BLANTERORBITv102

    PENJELASAN Q.S. AL-NAJM:5

    Rabu, 12 Maret 2025

    Relasi Konseptual

    Pada Surah Al-Najm ayat 4, Allah menegaskan bahwa Nabi Muhammad ﷺ tidak berbicara berdasarkan hawa nafsunya, melainkan berdasarkan wahyu: "Dan tidaklah yang diucapkannya itu (Al-Qur’an) menurut keinginannya." (Q.S. Al-Najm: 4)

    Kemudian, ayat 5 menjelaskan bahwa wahyu tersebut diajarkan oleh “yang sangat kuat”, yaitu Malaikat Jibril: "Yang diajarkan kepadanya oleh (malaikat) yang sangat kuat (Jibril)" (Q.S. Al-Najm: 5)

    Konsep tanasub (keterkaitan) antara kedua ayat ini menunjukkan bahwa ilmu yang dibawa oleh Nabi Muhammad ﷺ bukan hasil spekulasi manusia, tetapi berasal dari sumber yang absolut dan terpercaya. Pendidikan dalam Islam bukan sekadar akumulasi pengetahuan, tetapi juga harus memiliki sumber yang sahih dan terverifikasi.

    Dalam konteks pendidikan dan sains modern, konsep ini relevan dalam memastikan bahwa ilmu yang dipelajari harus berdasarkan metode yang kuat, validasi akademik, dan tidak berdasarkan asumsi subjektif. Sebagaimana Malaikat Jibril menyampaikan wahyu dengan otoritas ilahi, pendidikan yang baik harus ditransmisikan oleh sumber yang memiliki kredibilitas tinggi. Dalam sains, hal ini sejalan dengan metode ilmiah yang mengutamakan eksperimen, verifikasi, dan peer-review sebagai bentuk validasi kebenaran.

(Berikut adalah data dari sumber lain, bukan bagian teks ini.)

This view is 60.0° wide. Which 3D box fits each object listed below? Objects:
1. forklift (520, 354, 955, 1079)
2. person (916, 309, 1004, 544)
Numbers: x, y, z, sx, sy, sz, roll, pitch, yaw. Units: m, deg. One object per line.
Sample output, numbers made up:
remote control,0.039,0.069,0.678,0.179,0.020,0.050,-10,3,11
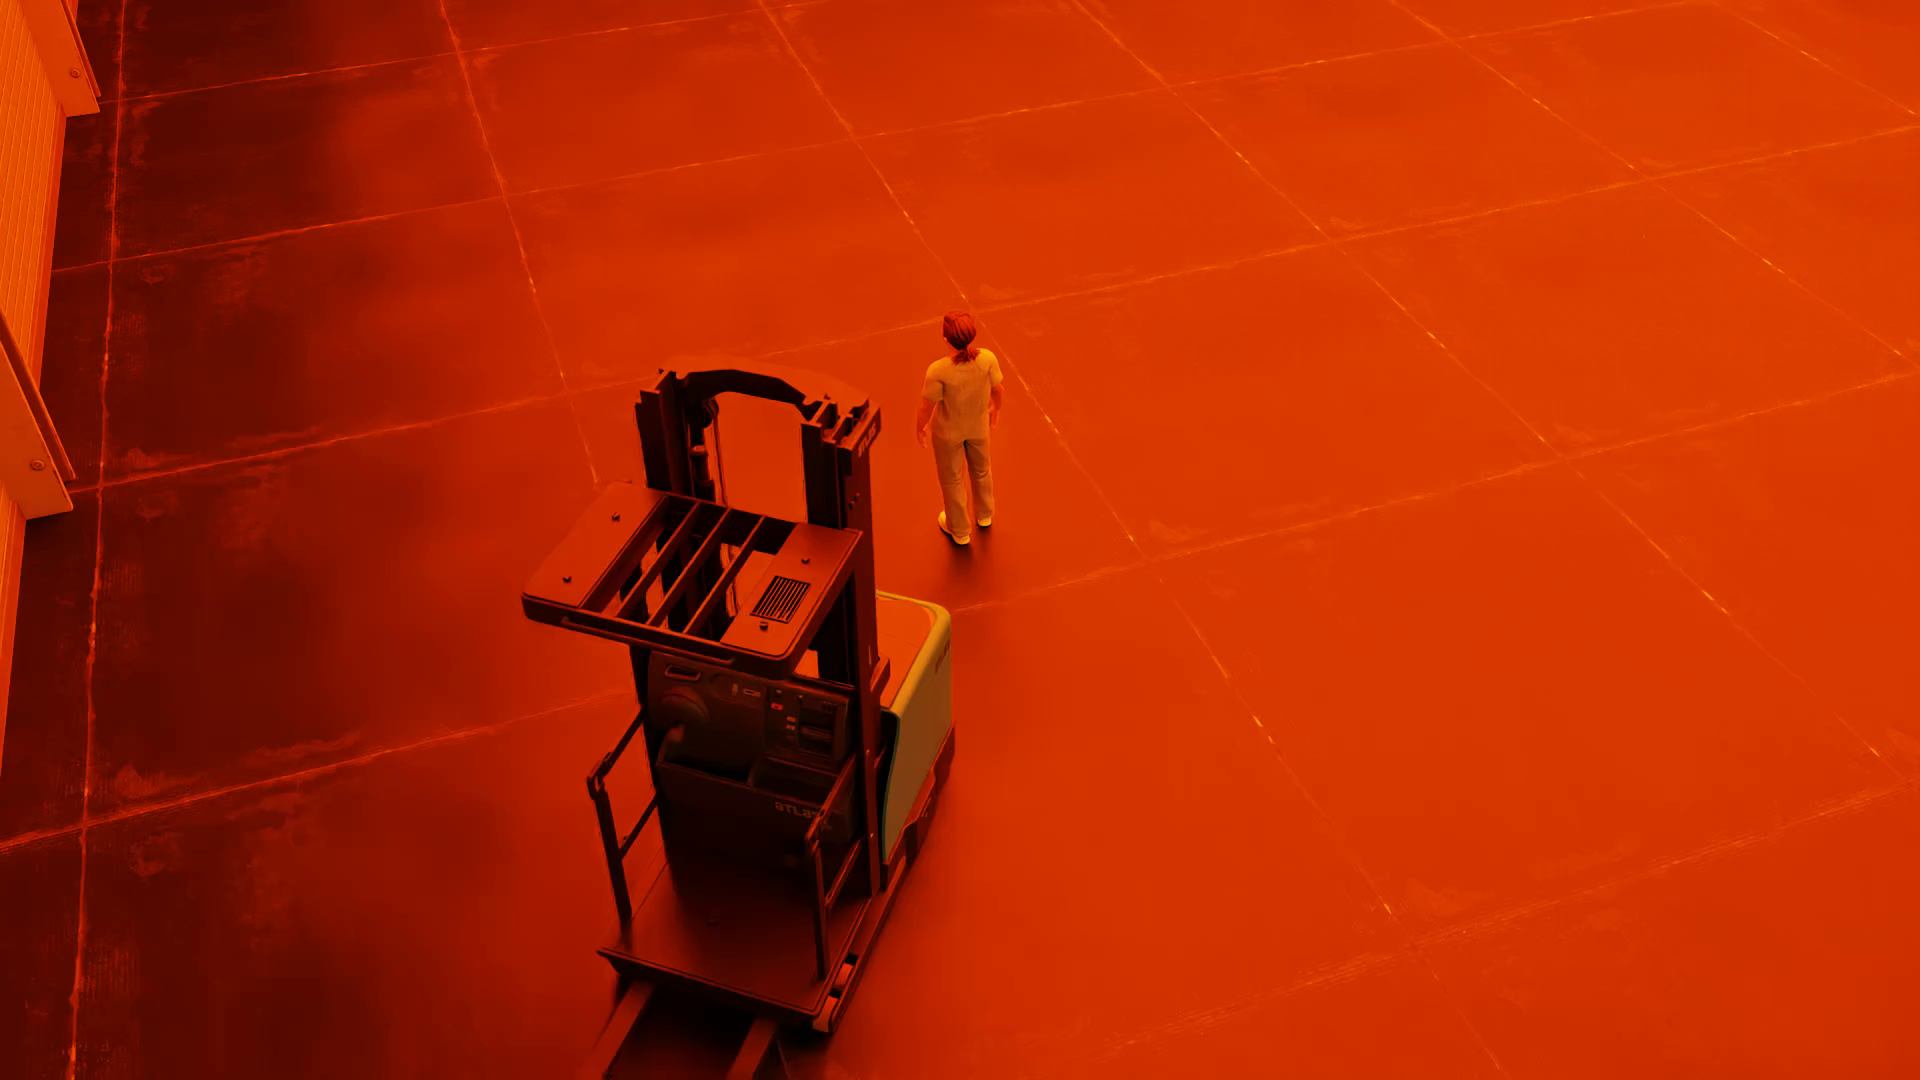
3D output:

    Dengan demikian, ayat ini menekankan pentingnya otoritas dalam penyampaian ilmu, baik dalam konteks wahyu maupun dalam dunia akademik modern, yang sama-sama memerlukan sumber yang sahih dan proses yang ketat dalam membentuk pemahaman manusia terhadap kebenaran.

    Tinjauan Kebahasaan

    عَلَّمَهٗ شَدِيْدُ الْقُوٰىۙ ۝٥

    Terjemahnya: "Yang diajarkan kepadanya oleh (malaikat) yang sangat kuat (Jibril)"(5).

    Ayat ini memiliki bentuk jumlah fi‘liyah (kalimat verbal) yang diawali dengan kata kerja عَلَّمَهُ (mengajarkannya). Subjeknya adalah شَدِيْدُ الْقُوٰى (yang sangat kuat), yang merupakan sifat dari Malaikat Jibril. Susunan ini menunjukkan hubungan langsung antara tindakan pengajaran dengan karakteristik pelakunya, menekankan bahwa Jibril memiliki kapasitas luar biasa dalam menyampaikan wahyu. Struktur ini juga menegaskan kesinambungan makna dari ayat sebelumnya, di mana sumber ajaran Nabi Muhammad ﷺ dijelaskan secara bertahap, memperkuat otoritas wahyu yang disampaikan.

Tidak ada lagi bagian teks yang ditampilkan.